OBJECTIVES: Bimekizumab (BKZ), a monoclonal IgG1 antibody that selectively inhibits interleukin (IL)-17F in addition to IL-17A, has demonstrated superior efficacy versus placebo in patients with non-radiographic (nr-) and radiographic (r-) axial spondyloarthritis (axSpA) at Week 16. Here, the objective is to report the efficacy and safety of BKZ at Week 52. METHODS: BE MOBILE 1 (nr-axSpA; NCT03928704) and BE MOBILE 2 (r-axSpA; NCT03928743) comprised a 16-week, double-blind, placebo-controlled period, then a 36-week maintenance period. From Week 16, all patients received subcutaneous BKZ 160 mg every 4 weeks.

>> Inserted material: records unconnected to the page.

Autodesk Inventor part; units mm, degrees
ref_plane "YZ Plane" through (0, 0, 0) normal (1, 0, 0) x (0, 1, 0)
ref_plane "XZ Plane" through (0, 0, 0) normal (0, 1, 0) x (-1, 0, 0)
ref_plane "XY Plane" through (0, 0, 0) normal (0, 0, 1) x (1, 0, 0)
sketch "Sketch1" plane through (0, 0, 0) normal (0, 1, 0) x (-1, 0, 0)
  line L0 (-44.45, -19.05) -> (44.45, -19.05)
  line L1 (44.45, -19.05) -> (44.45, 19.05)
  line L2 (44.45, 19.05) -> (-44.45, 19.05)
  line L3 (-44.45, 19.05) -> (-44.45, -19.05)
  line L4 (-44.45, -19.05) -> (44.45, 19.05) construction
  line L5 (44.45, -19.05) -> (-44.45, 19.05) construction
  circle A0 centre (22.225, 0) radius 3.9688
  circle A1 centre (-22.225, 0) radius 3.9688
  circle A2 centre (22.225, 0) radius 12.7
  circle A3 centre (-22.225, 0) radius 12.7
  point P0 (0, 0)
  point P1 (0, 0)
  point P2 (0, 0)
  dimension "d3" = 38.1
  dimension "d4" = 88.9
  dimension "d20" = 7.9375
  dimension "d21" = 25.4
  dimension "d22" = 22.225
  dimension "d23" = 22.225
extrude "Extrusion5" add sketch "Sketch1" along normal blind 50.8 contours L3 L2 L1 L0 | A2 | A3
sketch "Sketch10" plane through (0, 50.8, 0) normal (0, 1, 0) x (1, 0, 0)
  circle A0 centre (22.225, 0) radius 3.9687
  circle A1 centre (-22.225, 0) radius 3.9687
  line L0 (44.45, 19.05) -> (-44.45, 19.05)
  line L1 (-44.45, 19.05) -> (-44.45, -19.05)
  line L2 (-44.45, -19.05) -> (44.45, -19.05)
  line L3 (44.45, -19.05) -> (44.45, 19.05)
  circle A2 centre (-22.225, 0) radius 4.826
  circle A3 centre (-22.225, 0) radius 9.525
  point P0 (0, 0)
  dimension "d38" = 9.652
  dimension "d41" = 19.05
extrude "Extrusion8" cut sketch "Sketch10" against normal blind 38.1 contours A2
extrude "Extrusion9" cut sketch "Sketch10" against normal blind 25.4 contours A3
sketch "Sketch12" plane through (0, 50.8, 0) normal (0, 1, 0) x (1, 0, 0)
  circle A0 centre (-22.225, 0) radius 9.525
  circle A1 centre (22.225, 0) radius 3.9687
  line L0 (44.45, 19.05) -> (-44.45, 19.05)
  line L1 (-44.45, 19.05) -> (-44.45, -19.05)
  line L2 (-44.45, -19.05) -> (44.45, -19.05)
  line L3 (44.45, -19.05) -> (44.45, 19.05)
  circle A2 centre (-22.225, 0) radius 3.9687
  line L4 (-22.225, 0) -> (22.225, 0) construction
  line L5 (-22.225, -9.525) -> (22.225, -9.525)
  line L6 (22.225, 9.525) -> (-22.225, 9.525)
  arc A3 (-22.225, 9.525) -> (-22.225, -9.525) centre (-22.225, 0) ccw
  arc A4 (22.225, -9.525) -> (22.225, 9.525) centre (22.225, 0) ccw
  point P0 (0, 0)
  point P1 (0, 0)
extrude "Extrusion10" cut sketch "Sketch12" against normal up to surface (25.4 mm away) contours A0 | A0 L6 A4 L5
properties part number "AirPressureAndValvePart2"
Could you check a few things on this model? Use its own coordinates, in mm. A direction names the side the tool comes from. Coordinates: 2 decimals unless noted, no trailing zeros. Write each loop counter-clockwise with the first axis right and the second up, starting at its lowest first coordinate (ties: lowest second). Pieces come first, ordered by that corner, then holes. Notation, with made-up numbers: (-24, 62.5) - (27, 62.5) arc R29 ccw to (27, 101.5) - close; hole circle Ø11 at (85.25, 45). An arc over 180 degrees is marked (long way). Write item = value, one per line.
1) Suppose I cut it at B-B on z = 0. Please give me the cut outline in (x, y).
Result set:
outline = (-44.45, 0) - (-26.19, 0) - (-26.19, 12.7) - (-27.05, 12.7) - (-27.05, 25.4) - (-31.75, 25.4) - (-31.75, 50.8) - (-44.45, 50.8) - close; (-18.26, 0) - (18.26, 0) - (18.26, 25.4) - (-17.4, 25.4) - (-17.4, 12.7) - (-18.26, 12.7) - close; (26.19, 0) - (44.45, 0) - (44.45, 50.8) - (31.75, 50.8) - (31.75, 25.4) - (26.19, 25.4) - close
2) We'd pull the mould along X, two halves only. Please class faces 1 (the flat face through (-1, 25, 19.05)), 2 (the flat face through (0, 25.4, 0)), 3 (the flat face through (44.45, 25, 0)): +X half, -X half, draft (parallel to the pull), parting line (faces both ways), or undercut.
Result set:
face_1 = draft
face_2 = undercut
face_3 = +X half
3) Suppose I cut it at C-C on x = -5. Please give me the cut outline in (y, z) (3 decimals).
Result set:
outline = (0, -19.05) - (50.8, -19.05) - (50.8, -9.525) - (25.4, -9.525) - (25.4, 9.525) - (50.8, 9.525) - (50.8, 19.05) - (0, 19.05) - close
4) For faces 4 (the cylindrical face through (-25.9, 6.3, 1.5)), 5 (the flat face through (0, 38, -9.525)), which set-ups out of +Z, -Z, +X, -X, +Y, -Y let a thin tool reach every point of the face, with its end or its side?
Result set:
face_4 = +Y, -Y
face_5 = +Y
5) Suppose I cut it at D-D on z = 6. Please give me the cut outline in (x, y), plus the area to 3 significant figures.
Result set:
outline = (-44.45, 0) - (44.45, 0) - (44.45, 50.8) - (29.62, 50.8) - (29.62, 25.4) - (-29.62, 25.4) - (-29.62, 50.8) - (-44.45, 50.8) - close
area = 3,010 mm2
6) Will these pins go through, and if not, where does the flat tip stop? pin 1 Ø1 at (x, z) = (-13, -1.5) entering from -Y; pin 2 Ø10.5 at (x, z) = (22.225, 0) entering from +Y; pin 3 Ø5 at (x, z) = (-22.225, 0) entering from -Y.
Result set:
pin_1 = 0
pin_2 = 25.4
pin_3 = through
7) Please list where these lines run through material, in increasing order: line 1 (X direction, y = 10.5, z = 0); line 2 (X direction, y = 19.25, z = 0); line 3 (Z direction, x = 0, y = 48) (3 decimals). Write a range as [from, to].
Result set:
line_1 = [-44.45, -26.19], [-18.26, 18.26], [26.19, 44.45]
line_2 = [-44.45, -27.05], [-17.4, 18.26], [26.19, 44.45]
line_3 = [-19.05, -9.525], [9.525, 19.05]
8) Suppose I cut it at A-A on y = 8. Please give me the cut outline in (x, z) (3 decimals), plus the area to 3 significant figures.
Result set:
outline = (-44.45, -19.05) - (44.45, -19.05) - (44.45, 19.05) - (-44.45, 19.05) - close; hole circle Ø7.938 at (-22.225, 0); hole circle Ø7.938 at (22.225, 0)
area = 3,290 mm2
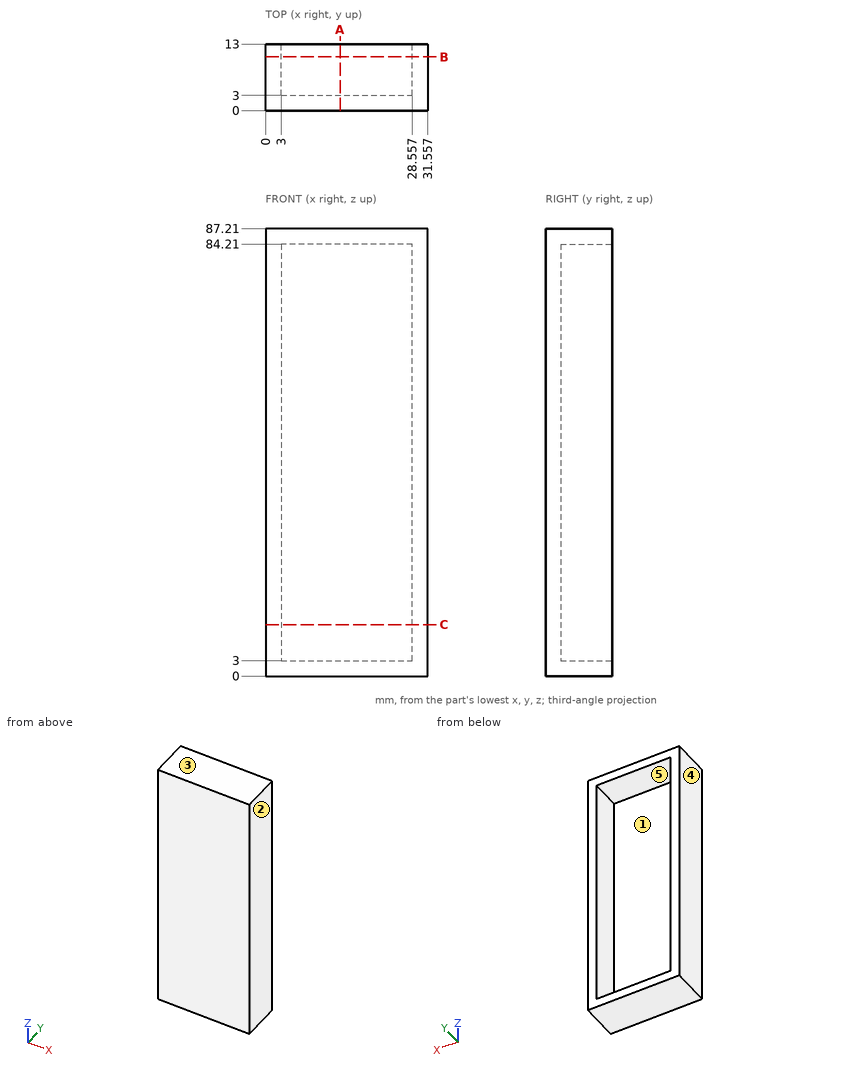
Print and shaded views of the part. All mm, measured from the part's lowest x, y and z. A direction names the side the tool comes from. Round coordinates to 2 decimals unless told otherwise and drop trailing zeros. Order: outer loops, then holes, each group sorted by start corner. A loop starts at its lowest first (then second) coordinate and runs counter-clockwise, first axis right, second up. Notation, with made-up numbers: (14.25, -16.5) - (30.25, -16.5) arc R20 cw to (30.25, -12.5) - close; hole circle Ø11 at (-27.5, -16). An arc over 180 degrees is marked (long way). Use a Markdown table: item, result.
1) Saw through at A-A on x = 14.5. Write the cut outline in (y, z).
Recorded:
| item | result |
|---|---|
| outline | (0, 0) - (13, 0) - (13, 3) - (3, 3) - (3, 84.21) - (13, 84.21) - (13, 87.21) - (0, 87.21) - close |
2) Saw through at C-C on z = 10. Write the cut outline in (x, y), and give its area (3 significant figures).
Recorded:
| item | result |
|---|---|
| outline | (0, 0) - (31.56, 0) - (31.56, 13) - (28.56, 13) - (28.56, 3) - (3, 3) - (3, 13) - (0, 13) - close |
| area | 155 mm² |
3) Wall check: L1, parallel to X at y = 5, z = 46; L2, parallel to Z at x = 16, y = 3.5; L3, parallel to Y at x = 24, z = 68.5. Give the ranges that are in metal, low to high.
Recorded:
| item | result |
|---|---|
| L1 | x = 0 to 3, 28.56 to 31.56 |
| L2 | z = 0 to 3, 84.21 to 87.21 |
| L3 | y = 0 to 3 |
4) Pull direction X, two halves, no side cores. Call the marked faces 1, 2 and 3: pulls with the +X half, pulls with the -X half, needs draft (parallel to the pull), parting line crosses it, or undercut.
Recorded:
| item | result |
|---|---|
| face 1 | undercut |
| face 2 | pulls with the +X half |
| face 3 | needs draft |
5) Saw through at B-B on y = 10.5. Write the cut outline in (x, z).
Recorded:
| item | result |
|---|---|
| outline | (0, 0) - (31.56, 0) - (31.56, 87.21) - (0, 87.21) - close; hole (3, 3) - (28.56, 3) - (28.56, 84.21) - (3, 84.21) - close |
6) Tool access for the marked faces 4 and 5: list every direction of +Z, -Z, +X, -X, +Y, -Y with a clear straight run to the whole face (end or side of a thin tool).
Recorded:
| item | result |
|---|---|
| face 4 | +Z, -Z, -X, +Y, -Y |
| face 5 | +Y |
7) Flat gauge pin, fed straight in: pin 1 Ø13 at (x, z) = (10.5, 42.5) entering from +Y. Where does the tip first touch, or does it go through?
Recorded:
| item | result |
|---|---|
| pin 1 | stops at y = 3 |
from build123d import *

# Parameters (mm, degrees)
CROQUIS1_W              = 76.5
CROQUIS1_H              = 15.2
SALIENTE_EXTRUIR1_DEPTH = 4
CROQUIS2_W              = 70.2
CROQUIS2_H              = 3.5
CORTAR_EXTRUIR1_DEPTH   = 4
CROQUIS3_W              = 72.792072964
CROQUIS3_H              = 13.1
CORTAR_EXTRUIR2_DEPTH   = 2.5
SALIENTE_EXTRUIR2_DEPTH = 1.5


with BuildPart() as part:
    # Croquis1 → Saliente-Extruir1 (new body)
    with BuildSketch(Plane(origin=(0, 0, 0), x_dir=(1, 0, 0), z_dir=(0, 1, 0))):
        Rectangle(CROQUIS1_W, CROQUIS1_H)
    extrude(amount=SALIENTE_EXTRUIR1_DEPTH)

    # Croquis2 → Cortar-Extruir1 (cut)
    with BuildSketch(Plane(origin=(0, 4, 0), x_dir=(1, 0, 0), z_dir=(0, 1, 0))):
        with Locations((0, 3.85)):
            Rectangle(CROQUIS2_W, CROQUIS2_H)
    extrude(amount=-CORTAR_EXTRUIR1_DEPTH, mode=Mode.SUBTRACT)

    # Croquis3 → Cortar-Extruir2 (cut)
    with BuildSketch(Plane(origin=(0, 4, 0), x_dir=(1, 0, 0), z_dir=(0, 1, 0))):
        with Locations((-0.553963518, 0.15)):
            Rectangle(CROQUIS3_W, CROQUIS3_H)
    extrude(amount=-CORTAR_EXTRUIR2_DEPTH, mode=Mode.SUBTRACT)

    # Croquis4 → Saliente-Extruir2 (add)
    with BuildSketch(Plane(origin=(0, 0, 0), x_dir=(1, 0, 0), z_dir=(0, 1, 0))):
        Polygon((-12.7, -17.6), (12.7, -17.6), (38.25, -7.6), (-38.25, -7.6), align=None)
    extrude(amount=SALIENTE_EXTRUIR2_DEPTH)


solid = part.part
Geometry: final body of the model. Coordinates: model frame, mm. A direction names the side the tool comes from. Round coordinates to 2 decimals unless told otherwise and drop trailing zeros. Loops run counter-clockwise (first coordinate to the right, second up) from the corner with the lowest first, then second, coordinate; pieces in that order, holes last. Notation, with made-up numbers: M 24,-16 L 56,-16 A29 cw 56,7 Z; hole C -1.75,38.5 d7. An arc over 180 degrees is marked long. Put each result on its own line as item: value. Start each with the question number.
(1) Material intervals for line 1 along X through (y, z) = (1.9, 4.5); line 2 along Z through (x, y) = (25.5, 2.75); line 3 along X through (y, z) = (0.75, -5.5), sorted ascending. Write a range as [from, to].
(2) Draft query along Z for faces 1 (the face through (35.842, 3, 0)), 2 (the face through (0, 1, 17.6)), 3 (the face through (38.25, 2, 0)). Return one class per face: +Z half, -Z half, draft (parallel to the pull), parting line (faces both ways), or undercut.
(3) Contact query for flat-ended pins moving along their axis: pin 1 Ø0.8 at (x, y) = (14.5, 3) entering from +Z; pin 2 Ø5 at (x, z) = (26, 14.5) entering from +Y; pin 3 Ø0.8 at (x, y) = (13.5, 0.5) entering from +Z. Output: stop coordinate, or through.
(4) Section query C-C (z = 2.25). Return loops of the section in (x, y).
(5) Set-up query: faces 4 (the face through (25.3, 0.74, 12.67)), 5 (the face through (0, 1, -2.1)), 6 (the face through (-1, 3, 6.4)), 7 (the face through (-1, 3, 7.6)). Return all of +Z, -Z, +X, -X, +Y, -Y with unobstructed straight access to the full face (end or side cutting, diameter ignored); none if empty.
(6) Section query A-A (y = 3.2). Return loops of the section in (x, z), then the cut area to 3 significant figures.
(7) Section query D-D (x = -14). Return loops of the section in (y, z), then the cut area to 3 significant figures.
(8) Section query B-B (x = 1). Return loops of the section in (y, z), then the cut area to 3 significant figures.
Findings below:
1. line 1: x = [-38.25, -36.95], [35.84, 38.25]
1. line 2: z = [-7.6, -6.7], [6.4, 7.6]
1. line 3: x = [-38.25, -35.1], [35.1, 38.25]
2. face 1: undercut
2. face 2: +Z half
2. face 3: draft
3. pin 1: stops at z = 7.6
3. pin 2: stops at y = 1.5
3. pin 3: stops at z = 17.44
4. outline: M -38.25,0 L 38.25,0 L 38.25,4 L 35.84,4 L 35.84,1.5 L -36.95,1.5 L -36.95,4 L -38.25,4 Z
5. face 4: +Z, +X, +Y, -Y
5. face 5: +Y, -Y
5. face 6: +Y
5. face 7: +Z, +X, -X, +Y
6. outline: M -38.25,-7.6 L 38.25,-7.6 L 38.25,7.6 L -38.25,7.6 Z; hole M -36.95,-6.7 L 35.84,-6.7 L 35.84,6.4 L -36.95,6.4 Z
6. area: 209 mm2
7. outline: M 0,-7.6 L 4,-7.6 L 4,-6.7 L 1.5,-6.7 L 1.5,-5.6 L 0,-5.6 Z; M 0,-2.1 L 1.5,-2.1 L 1.5,6.4 L 4,6.4 L 4,7.6 L 1.5,7.6 L 1.5,17.09 L 0,17.09 Z
7. area: 37.0 mm2
8. outline: M 0,-7.6 L 4,-7.6 L 4,-6.7 L 1.5,-6.7 L 1.5,-5.6 L 0,-5.6 Z; M 0,-2.1 L 1.5,-2.1 L 1.5,6.4 L 4,6.4 L 4,7.6 L 1.5,7.6 L 1.5,17.6 L 0,17.6 Z
8. area: 37.8 mm2
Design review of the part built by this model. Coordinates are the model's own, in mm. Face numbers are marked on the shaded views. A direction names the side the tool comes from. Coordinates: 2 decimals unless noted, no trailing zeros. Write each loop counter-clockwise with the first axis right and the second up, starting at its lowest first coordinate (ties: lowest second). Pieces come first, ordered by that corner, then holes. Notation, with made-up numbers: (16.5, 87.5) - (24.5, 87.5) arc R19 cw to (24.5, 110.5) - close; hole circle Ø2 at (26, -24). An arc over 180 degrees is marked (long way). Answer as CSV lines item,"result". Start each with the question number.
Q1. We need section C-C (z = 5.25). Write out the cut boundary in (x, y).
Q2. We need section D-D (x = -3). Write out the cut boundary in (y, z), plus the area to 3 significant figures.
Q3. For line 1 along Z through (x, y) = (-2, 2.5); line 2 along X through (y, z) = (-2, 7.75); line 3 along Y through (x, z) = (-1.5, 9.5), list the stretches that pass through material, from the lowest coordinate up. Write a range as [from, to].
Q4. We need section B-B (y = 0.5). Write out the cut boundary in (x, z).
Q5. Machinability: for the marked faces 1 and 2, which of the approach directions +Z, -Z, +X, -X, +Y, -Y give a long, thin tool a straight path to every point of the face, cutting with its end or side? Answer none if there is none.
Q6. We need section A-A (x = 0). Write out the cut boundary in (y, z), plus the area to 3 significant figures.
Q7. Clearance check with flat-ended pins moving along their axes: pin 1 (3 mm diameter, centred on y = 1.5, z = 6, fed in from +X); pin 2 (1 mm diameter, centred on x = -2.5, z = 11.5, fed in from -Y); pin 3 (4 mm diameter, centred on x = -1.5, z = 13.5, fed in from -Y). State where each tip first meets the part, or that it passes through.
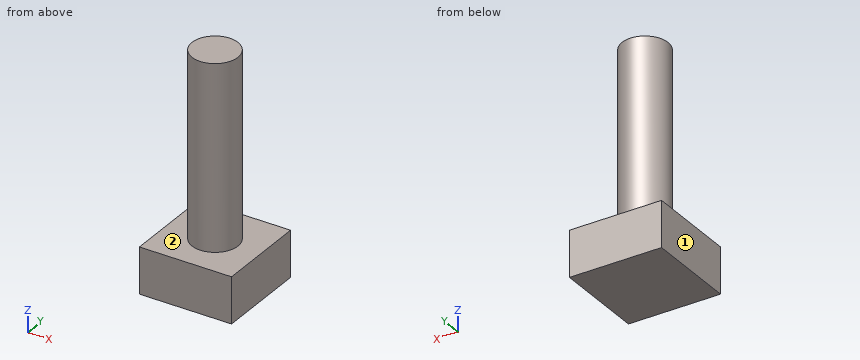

RESULTS: Improvements versus placebo in Assessment of SpondyloArthritis International Society ≥40% response (primary endpoint), Ankylosing Spondylitis Disease Activity Score, high-sensitivity C-reactive protein levels and MRI inflammation of the sacroiliac joints/spine at Week 16 were sustained to Week 52 in BKZ-randomised patients. At Week 52, responses of patients switching from placebo to BKZ at Week 16 were comparable to BKZ-randomised patients. At Week 52, ≥1 treatment-emergent adverse events (TEAEs) were reported in 183 (75.0%) and 249 (75.5%) patients with nr-axSpA and r-axSpA, respectively. Serious TEAEs occurred in 9 (3.7%) patients with nr-axSpA and 20 (6.1%) patients with r-axSpA. Oral candidiasis was the most frequent fungal infection (nr-axSpA: 18 (7.4%); r-axSpA: 20 (6.1%)). Uveitis occurred in three (1.2%) and seven (2.1%) patients with nr-axSpA and r-axSpA, and inflammatory bowel disease in two (0.8%) and three (0.9%). CONCLUSIONS: At Week 52, dual inhibition of IL-17A and IL-17F with BKZ resulted in sustained efficacy across the axSpA spectrum; the safety profile was consistent with the known safety of BKZ. TRIAL REGISTRATION NUMBER: NCT03928704; NCT03928743.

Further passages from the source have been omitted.